Exercise aim: Restate the records word for word. Include no pictures.

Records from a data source
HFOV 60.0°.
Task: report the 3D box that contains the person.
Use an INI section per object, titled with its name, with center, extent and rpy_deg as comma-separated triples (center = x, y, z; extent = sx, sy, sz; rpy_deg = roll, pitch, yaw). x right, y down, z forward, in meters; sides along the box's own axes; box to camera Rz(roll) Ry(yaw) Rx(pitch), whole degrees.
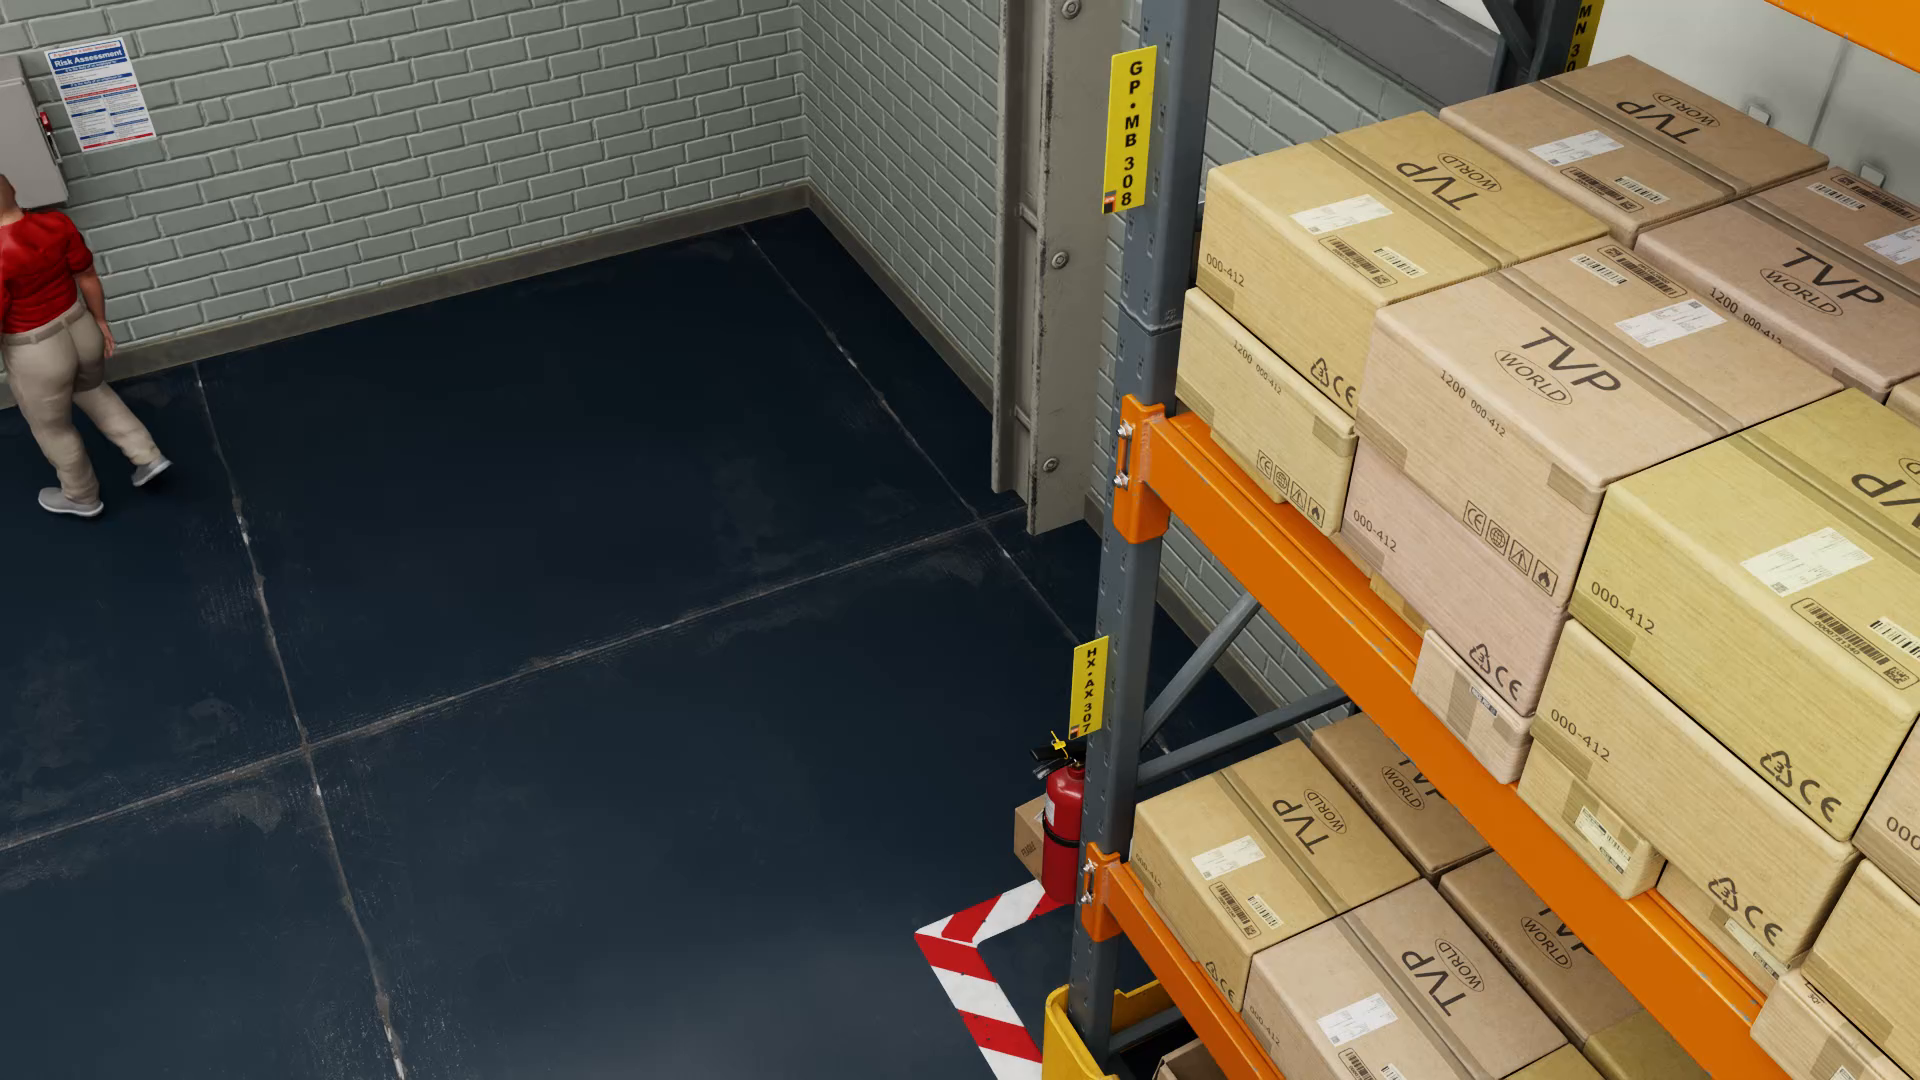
[person]
center = -3.932, -0.822, 7.108
extent = 0.556, 1.741, 0.559
rpy_deg = 14, 43, 16

Exercise response:
HFOV 60.0°.
Task: report the 3D box that contains the person.
Use an INI section per object, titled with its name, with center, extent and rpy_deg as comma-separated triples (center = x, y, z; extent = sx, sy, sz; rpy_deg = roll, pitch, yaw). x right, y down, z forward, in meters; sides along the box's own axes; box to camera Rz(roll) Ry(yaw) Rx(pitch), whole degrees.
[person]
center = -3.932, -0.822, 7.108
extent = 0.556, 1.741, 0.559
rpy_deg = 14, 43, 16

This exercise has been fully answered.